Ungefähr 14 Jahre lang habe ich im angrenzenden Bezirk Hamburg-Wilhelmsburg gearbeitet. Da ich kein Auto fahre, benutzte ich die öffentlichen Verkehrsmittel. Man bekommt wohl kaum einen besseren Einblick in die Mentalität einer Gesellschaft, als beim Fahren in öffentlichen Verkehrsmittel. Im Urlaub profitiere ich immer ungemein davon - Bemo fahren auf Bali, Jeepneys auf den Philippinen oder Überlandbusse auf Sumatra sind unvergessliche Erlebnisse. Und unvergesslich sind mir auch die Fahrten im Citybus Nr. 13 oder in der S-3 nach Wilhelmsburg. Allerdings nicht im positiven Sinn. Ausdrücke wie „Hurensohn, Schlampe, ich ficke deine Mutter “ – gehörten zu meiner regelmäßigen Beschallung.

Ich wohne seit meinem Auszug aus der elterlichen Wohnung im Alter von 15 Jahren bis auf eine kurze Unterbrechung im Süden Hamburgs. Ein Viertel, das immer schon das Stiefkind unter den Hamburger Bezirken war und das nur diejenigen mögen, die dort schon seit ihrer Kindheit oder Jugend wohnen. Ein Arbeiterbezirk mit vielen Altbauten, die noch bis in die späten 80er oftmals über keine Badezimmer verfügten und deren Toiletten sich im Treppenhaus befanden. Arbeiter, Studenten, alte Menschen, Ausländer der ersten Generation – Leute eben, die nicht das Geld für teure Wohnungen hatten. Mir hat’s gefallen.

Jetzt gefällt es mir nicht mehr. Ich hänge zwar sehr an meiner kleinen Dachgeschosswohnung, in der ich nun schon so lange wohne. Aber trotzdem möchte ich nur noch eins – weg von hier.



Sonntag, 11. Januar 2015
Chapeau
Je suis juif
Je suis musulman
Je suis chrétien
Je suis athée
Je suis Charlie Hebdo

Je suis ici pour battre pour notre liberté. Sans liberté on ne vit plus*.

Ich bin beeindruckt von der Einigkeit, mit der die Franzosen heute geschlossen für ihre Freiheit eingetreten sind. In Deutschland würde es wahrscheinlich wie immer irgendwelche Grüppchen geben, denen es wichtig ist, ihre Abgrenzung gegen die anderen zu demonstrieren. Viele Deutsche kämpfen gern gegen etwas, aber tun sich schwer, für etwas zu kämpfen.

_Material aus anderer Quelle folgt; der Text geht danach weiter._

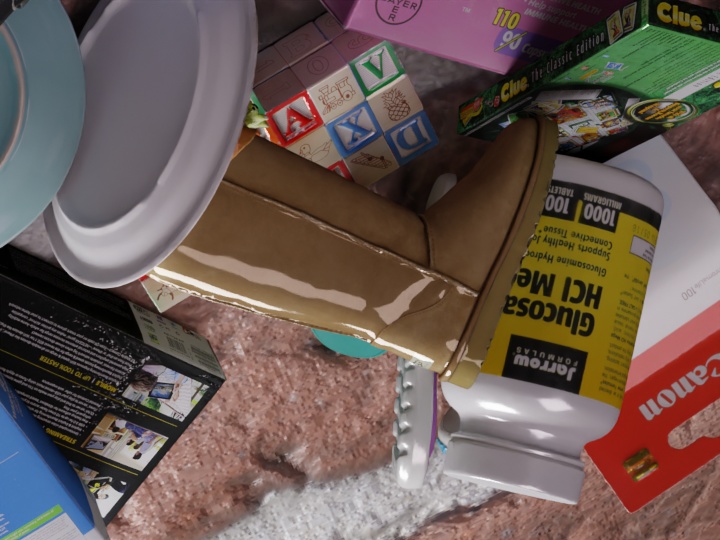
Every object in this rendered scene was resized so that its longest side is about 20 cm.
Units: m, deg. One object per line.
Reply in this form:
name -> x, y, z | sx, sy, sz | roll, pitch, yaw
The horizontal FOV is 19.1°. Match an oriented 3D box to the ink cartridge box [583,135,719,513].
ink cartridge box -> 0.179, 0.029, 1.377 | 0.160, 0.200, 0.047 | -34, 157, -1

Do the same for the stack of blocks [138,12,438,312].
stack of blocks -> -0.067, -0.078, 1.275 | 0.200, 0.059, 0.115 | -31, 130, -3

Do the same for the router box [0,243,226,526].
router box -> -0.205, 0.073, 1.318 | 0.200, 0.051, 0.149 | 28, 109, -36

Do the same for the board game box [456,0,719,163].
board game box -> 0.149, -0.105, 1.217 | 0.105, 0.024, 0.200 | 13, 161, -25

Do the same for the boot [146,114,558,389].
boot -> -0.002, -0.043, 1.205 | 0.200, 0.066, 0.175 | 23, 72, -6

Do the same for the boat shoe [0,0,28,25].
boat shoe -> -0.195, -0.158, 1.106 | 0.200, 0.069, 0.057 | -53, 147, -42

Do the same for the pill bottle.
pill bottle -> 0.113, 0.036, 1.311 | 0.112, 0.112, 0.200 | 17, 81, -33

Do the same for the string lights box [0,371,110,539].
string lights box -> -0.239, 0.114, 1.261 | 0.103, 0.059, 0.200 | -29, 130, -1

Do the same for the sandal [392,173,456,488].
sandal -> 0.054, 0.039, 1.372 | 0.050, 0.082, 0.203 | 7, 96, -5

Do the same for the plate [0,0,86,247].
plate -> -0.247, -0.095, 1.143 | 0.200, 0.026, 0.201 | -1, 96, -7

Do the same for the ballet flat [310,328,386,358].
ballet flat -> 0.000, 0.000, 1.329 | 0.067, 0.067, 0.200 | 14, 165, 8

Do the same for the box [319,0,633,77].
box -> 0.087, -0.222, 1.225 | 0.176, 0.097, 0.200 | 13, 115, -31

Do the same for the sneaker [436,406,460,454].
sneaker -> 0.129, 0.055, 1.454 | 0.200, 0.077, 0.081 | -37, 123, -7

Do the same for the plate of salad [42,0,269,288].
plate of salad -> -0.110, -0.085, 1.161 | 0.048, 0.200, 0.200 | 18, 113, -36
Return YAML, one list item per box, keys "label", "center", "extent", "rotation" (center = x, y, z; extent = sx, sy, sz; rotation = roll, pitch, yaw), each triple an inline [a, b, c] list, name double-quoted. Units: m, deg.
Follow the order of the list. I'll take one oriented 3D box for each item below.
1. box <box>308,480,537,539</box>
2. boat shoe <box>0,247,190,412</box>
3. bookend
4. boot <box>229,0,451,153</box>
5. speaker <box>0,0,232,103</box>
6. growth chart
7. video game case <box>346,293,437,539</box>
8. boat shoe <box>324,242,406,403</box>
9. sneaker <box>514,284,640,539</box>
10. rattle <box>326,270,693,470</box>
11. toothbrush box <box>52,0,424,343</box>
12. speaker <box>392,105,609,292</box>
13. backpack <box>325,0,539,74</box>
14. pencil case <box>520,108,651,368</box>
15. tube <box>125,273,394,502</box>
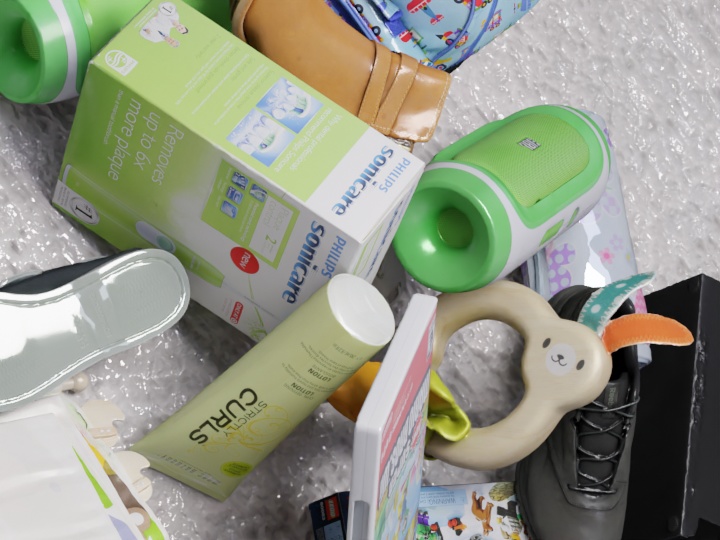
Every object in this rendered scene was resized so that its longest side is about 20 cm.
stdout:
- label: "box"
  center: [0.067, 0.212, 1.649]
  extent: [0.199, 0.038, 0.137]
  rotation: [0, 72, -37]
- label: "boat shoe"
  center: [-0.200, 0.039, 1.506]
  extent: [0.199, 0.060, 0.076]
  rotation: [-15, 95, -29]
- label: "bookend"
  center: [0.282, 0.135, 1.806]
  extent: [0.199, 0.092, 0.200]
  rotation: [23, 62, -30]
- label: "boot"
  center: [-0.014, -0.139, 1.591]
  extent: [0.154, 0.201, 0.077]
  rotation: [13, 24, -10]
- label: "speaker"
  center: [-0.149, -0.169, 1.610]
  extent: [0.199, 0.088, 0.089]
  rotation: [-24, 87, -40]
- label: "growth chart"
  center: [-0.182, 0.136, 1.458]
  extent: [0.144, 0.018, 0.200]
  rotation: [-2, 46, -33]
- label: "video game case"
  center: [0.016, 0.134, 1.490]
  extent: [0.017, 0.201, 0.143]
  rotation: [11, 34, 10]
- label: "boat shoe"
  center: [0.000, 0.000, 1.661]
  extent: [0.065, 0.074, 0.201]
  rotation: [20, 62, -24]
- label: "sneaker"
  center: [0.150, 0.105, 1.653]
  extent: [0.075, 0.091, 0.201]
  rotation: [2, 82, -14]
- label: "rattle"
  center: [0.093, 0.044, 1.575]
  extent: [0.143, 0.199, 0.131]
  rotation: [46, 39, -46]
- label: "toothbrush box"
  center: [-0.079, -0.054, 1.536]
  extent: [0.199, 0.146, 0.086]
  rotation: [33, 52, 6]
- label: "speaker"
  center: [0.095, -0.050, 1.633]
  extent: [0.089, 0.088, 0.200]
  rotation: [60, 32, -2]
- label: "backpack"
  center: [0.023, -0.210, 1.679]
  extent: [0.134, 0.200, 0.183]
  rotation: [-41, 99, -39]
- label: "pencil case"
  center: [0.149, -0.014, 1.772]
  extent: [0.090, 0.083, 0.201]
  rotation: [-1, 73, -22]
- label: "tube"
  center: [-0.057, 0.078, 1.511]
  extent: [0.058, 0.200, 0.052]
  rotation: [54, 36, 8]

Ich weiß jetzt schon, dass sich so mancher – auch hier im Netz – über das Singen der Marseillaise aufregen wird. Denn Deutsche pauschalieren gern, besonders diejenigen, die selbst gern anderen vorwerfen, zu pauschalieren. Aber es gibt ein Einigkeitsgefühl jenseits von tumbem Stolz, welcher andere ausschließt um sich selbst zu erhöhen. Dieses Gefühl kann man nur kennen, wenn man sich nicht über den Unterschied zum anderen definiert, sondern über die Gemeinsamkeit.

Und deswegen bin ich über die oben angeführten Zeilen eines bei der Trauerkundgebung gezeigten Schildes auch so begeistert:

Ich bin Jude
Ich bin Muslim
Ich bin Christ
Ich bin Atheist
Ich bin Charlie Hebdo

Zu so einem Bekenntnis könnten sich Deutsche nur schwer durchringen.

Auch der Satz einer Teilnehmerin des Trauermarsches „Ich bin hier, um für unsere Freiheit zu kämpfen. Ohne Freiheit lebt man nicht mehr“ wird man hier eher selten hören. Hier gehen die Pegida-Anhänger gegen eine angebliche Überfremdung auf die Straße und die Anti-Pegida-Anhänger wiederum demonstrieren gegen die Pegida-Anhänger.

Bei alldem, was in den vergangenen Tagen geschehen ist, geht es um nicht mehr und nicht weniger als um Freiheit. Das hat nichts mit Panikmache und auch nichts mit dem sogenannten Generalverdacht gegen alle Muslime zu tun, sondern es geht um eine Weichenstellung, bei der man sich entscheiden muss, ob die Freiheit des Wortes über religiösen oder politischen Dogmen steht. Die Franzosen bringen dies fertig, ohne den Respekt vor religösen Überzeugungen zu verlieren. Chapeau!